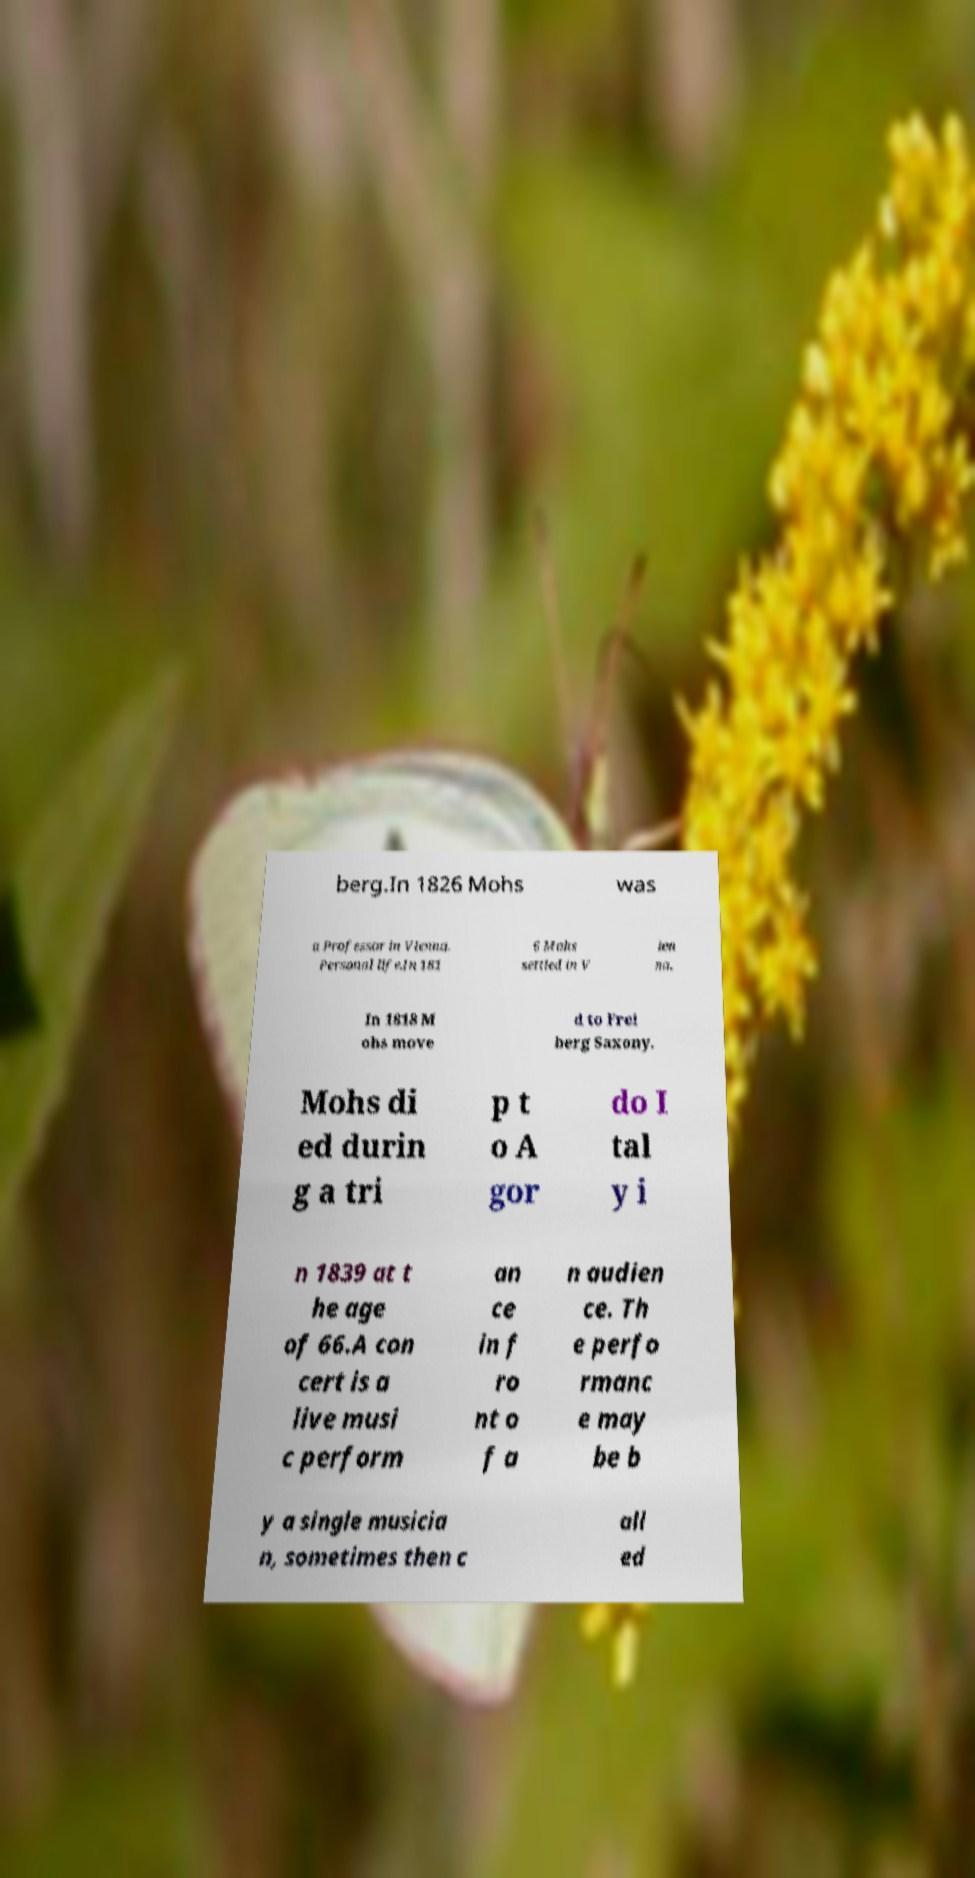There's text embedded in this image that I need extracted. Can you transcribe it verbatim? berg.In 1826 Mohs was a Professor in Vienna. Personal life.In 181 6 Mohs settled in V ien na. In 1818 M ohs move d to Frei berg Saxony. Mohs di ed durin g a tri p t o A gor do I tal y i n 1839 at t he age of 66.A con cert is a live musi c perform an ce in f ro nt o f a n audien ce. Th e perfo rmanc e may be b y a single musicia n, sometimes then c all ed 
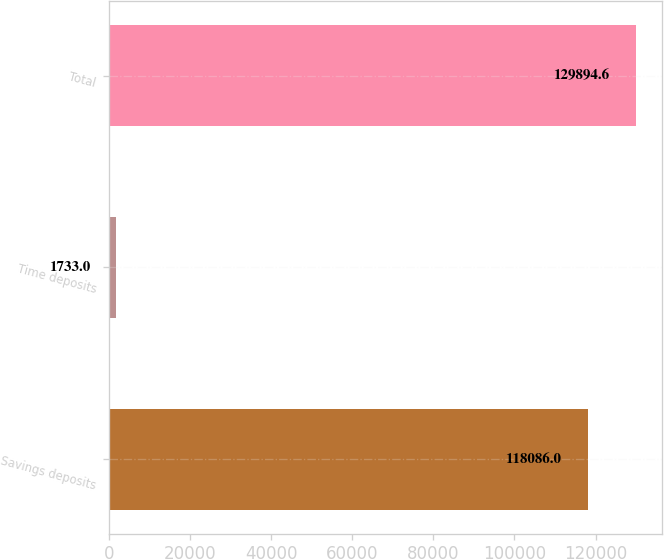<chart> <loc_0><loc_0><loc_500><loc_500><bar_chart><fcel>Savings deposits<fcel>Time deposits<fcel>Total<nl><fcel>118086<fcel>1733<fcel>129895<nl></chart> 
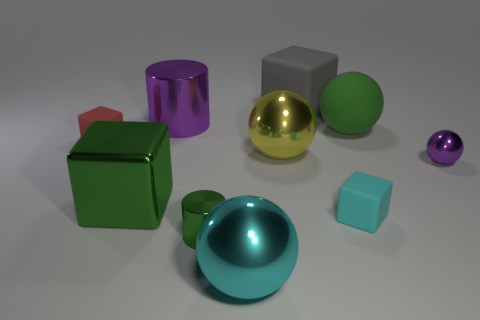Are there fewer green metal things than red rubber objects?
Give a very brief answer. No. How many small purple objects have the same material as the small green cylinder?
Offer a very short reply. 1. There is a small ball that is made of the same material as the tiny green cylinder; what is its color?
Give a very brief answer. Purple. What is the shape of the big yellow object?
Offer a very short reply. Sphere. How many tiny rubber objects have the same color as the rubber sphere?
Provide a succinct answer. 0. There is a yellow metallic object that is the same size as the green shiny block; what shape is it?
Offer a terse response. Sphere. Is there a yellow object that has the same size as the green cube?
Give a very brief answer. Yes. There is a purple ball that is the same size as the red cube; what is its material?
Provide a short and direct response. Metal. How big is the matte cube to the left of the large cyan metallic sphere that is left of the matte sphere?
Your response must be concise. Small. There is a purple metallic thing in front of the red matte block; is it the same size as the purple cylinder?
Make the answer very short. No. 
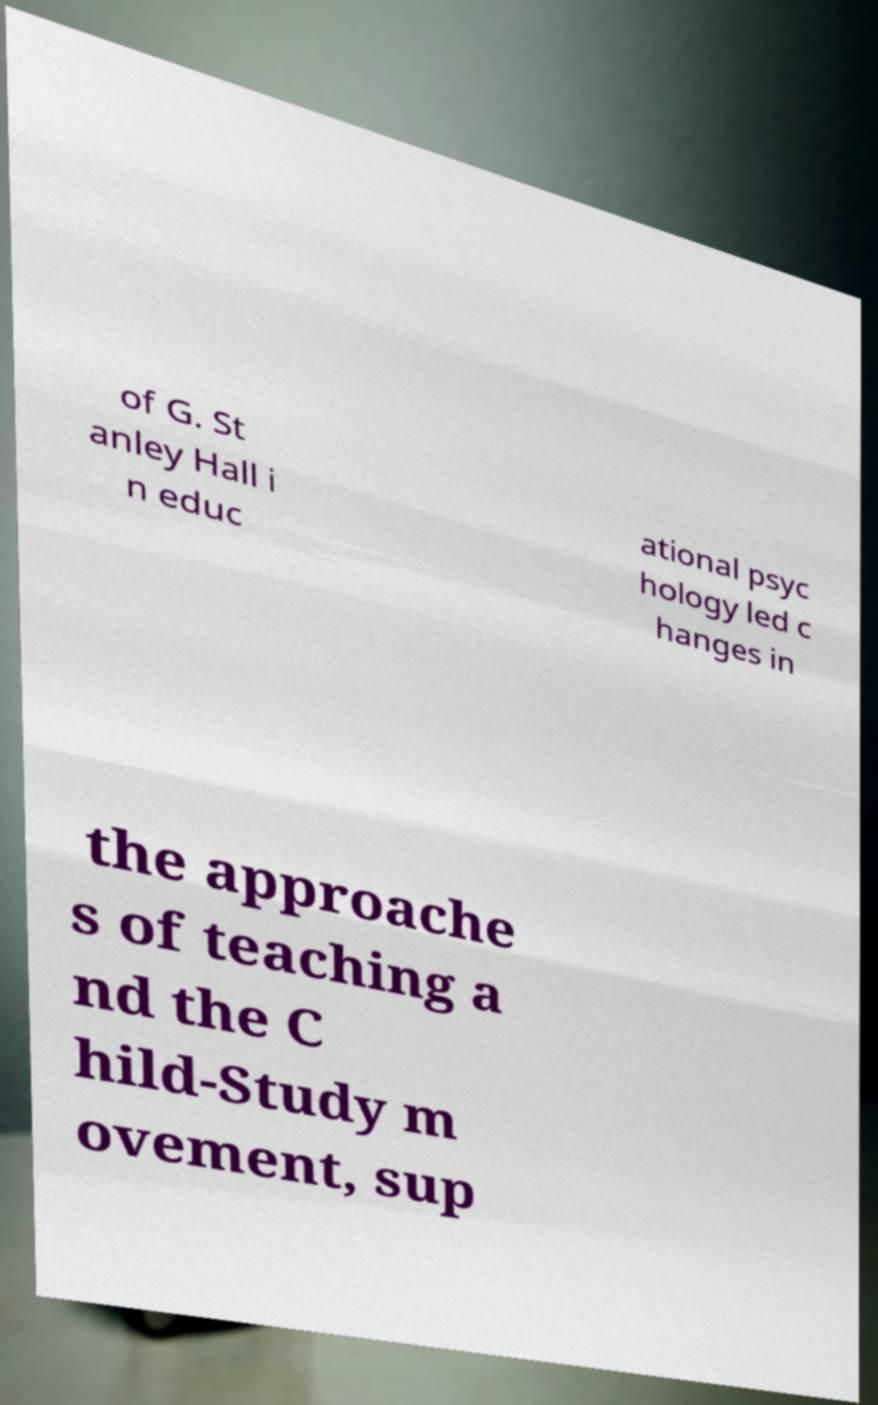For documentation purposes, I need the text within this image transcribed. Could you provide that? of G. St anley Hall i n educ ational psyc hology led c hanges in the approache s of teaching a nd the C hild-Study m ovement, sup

- Task to carry out
Search the material for "same" and copy each matching line.

- Task output
Give a very brief answer. No. How many small purple objects have the same material as the small green cylinder?
Offer a very short reply. 1. There is a small ball that is made of the same material as the tiny green cylinder; what is its color?
Offer a very short reply. Sphere. How many tiny rubber objects have the same color as the rubber sphere?
Provide a succinct answer. 0. There is a yellow metallic object that is the same size as the green shiny block; what shape is it?
Offer a terse response. Sphere. Is there a yellow object that has the same size as the green cube?
Give a very brief answer. Yes. There is a purple ball that is the same size as the red cube; what is its material?
Your response must be concise. Small. There is a purple metallic thing in front of the red matte block; is it the same size as the purple cylinder?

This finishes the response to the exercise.